На борт поднялись взводы военной полиции. Как и моряки, которые атаковали евреев на «Исходе» в палестинских водах, полицейские были в касках, прикрывались небольшими кожаными щитами и держали в руках дубинки. Военные начали пинать лежащих мужчин. Женщины и дети плакали. Громкая музыка с причала заглушала плач и стоны.
На двух судах сопротивление оказалось недолгим, но на борту «Раннимед Парк» разгорелся настоящий бой, который длился тридцать пять минут. Полицейские, в которых летели консервные банки и куски железа, оторванные от клеток, реагировали спокойно и методично: пожарные шланги, гранаты со слезоточивым газом, дубинки. Танцевальная музыка на причале стихла. Чуть позже послышался рев сирен карет «скорой помощи». А пассажиров двух первых судов уже увозили грузовики.
У меня перед глазами лежит фотография, сделанная в то утро на вокзале Гамбурга. По перрону маршируют уходящие полицейские в касках – они выполнили свою миссию. У перрона стоит вагон с зарешеченными окнами. За решетками видны лица стоящих мужчин и женщин. Век от века у пленников одно и то же выражение лиц, те же руки, вцепившиеся в решетку. Мрачная ирония состоит в том, что Европа прошла огонь и искупалась в крови, чтобы жертвы попали в новое рабство.
Мир концентрационных лагерей жесток. Они были полезным изобретением. В них содержались евреи, военнопленные и гражданские лица разных национальностей. Почему бы теперь снова не поместить туда евреев? Для сторожевых собак, круживших вдоль колючей проволоки, ничего не изменилось. На тех же местах стоят сторожевые вышки с прожекторами и пулеметами.
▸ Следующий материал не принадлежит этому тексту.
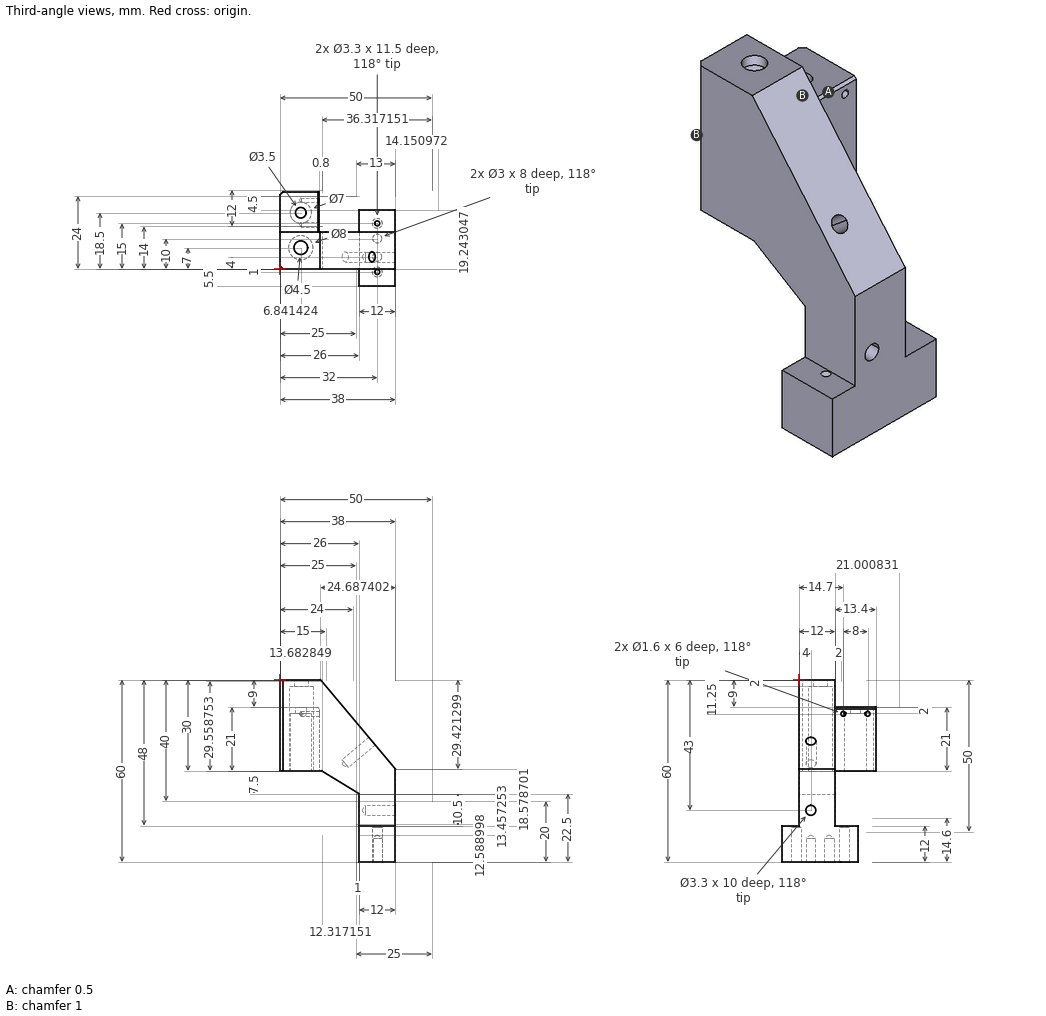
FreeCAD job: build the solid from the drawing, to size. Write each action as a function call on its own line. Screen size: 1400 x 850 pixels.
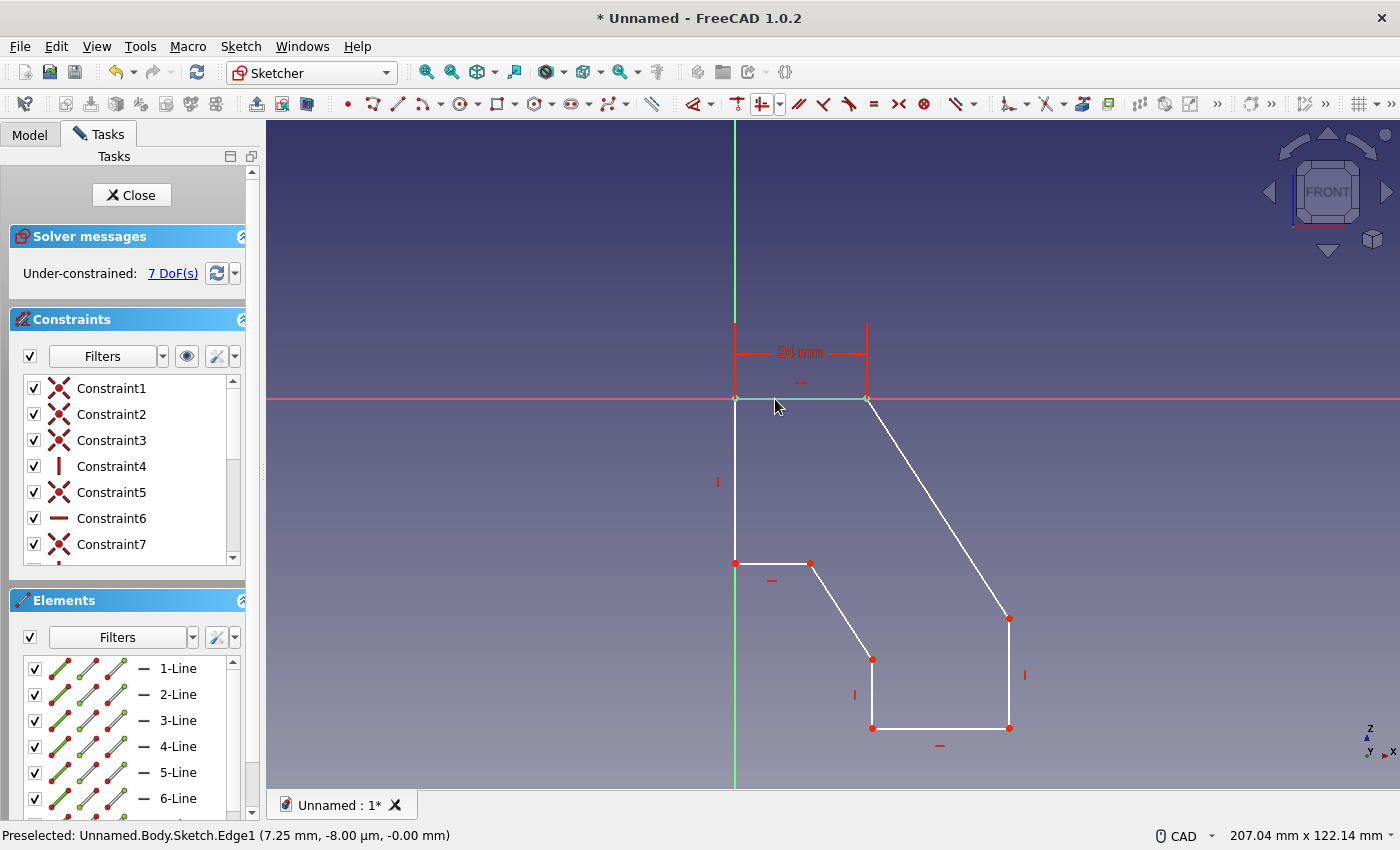
click(1009, 652)
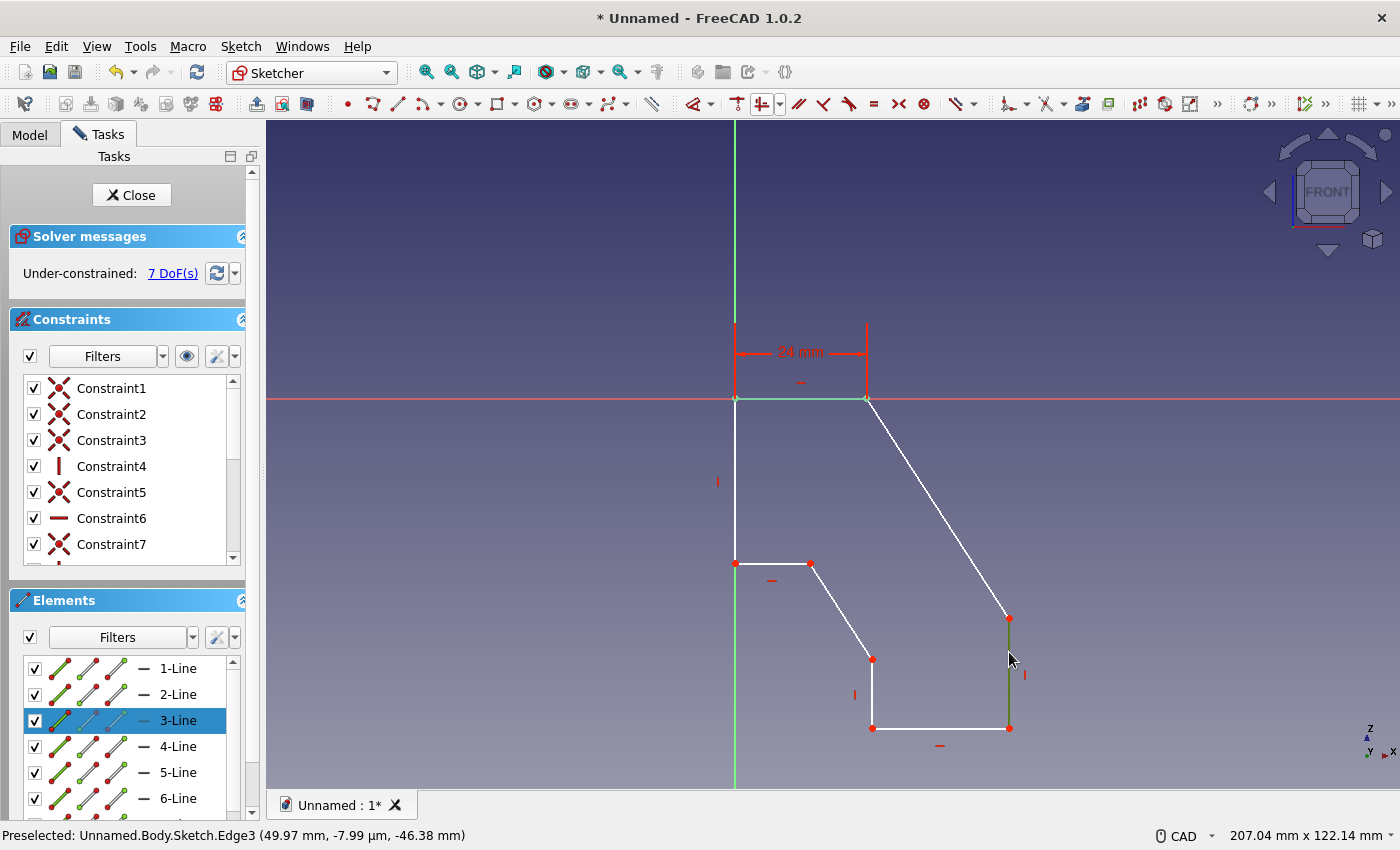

Все та же рутина по прибытии в лагерь: дезинфекция с помощью инсектицида, выяснение личности. Бывшие пассажиры «Исхода» отказывались отвечать на вопросы или называли себя Адольфом Гитлером или Даффом Купером. Их распределили по лагерям в Любеке, Амстау и Поппендорфе.
Способность человека приспосабливаться невероятна. В Поппендорфе, через несколько недель после размещения за колючей проволокой, был избран староста, некто Гед. Он организовал детский сад, создал секцию гимнастики, оркестр и хор. Время от времени британские власти делали новые предложения:
– Если хотите, доставим вас во Францию, где вы найдете работу.
– Мы хотим работать только на родине.
Подобное упрямство заключенным Поппендорфа с рук не сошло: им уменьшили дневной рацион, состоявший из двух ломтей черного хлеба, намазанного жиром, утром и вечером, а также кукурузного пудинга на обед.
– Лучше, чем в Аушвице, – шутили заключенные.
Наступила осень. В последний день ноября 1947 года британские охранники объявили своим пленникам, что ООН решила разделить Палестину между арабами и евреями:
– Теперь можете возвращаться на родину.
Люди, оторванные от своей земли, не имевшие ни прав, ни денег, до дна испившие кубок горечи, жили лишь одной необоримой надеждой. Англичане покинули Палестину 15 мая 1948 года. Последние пассажиры «Исхода» высадились в Хайфе 3 сентября 1948 года. Лишенные всего, они обрели родину своих предков, которые покинули ее около двух тысяч лет назад.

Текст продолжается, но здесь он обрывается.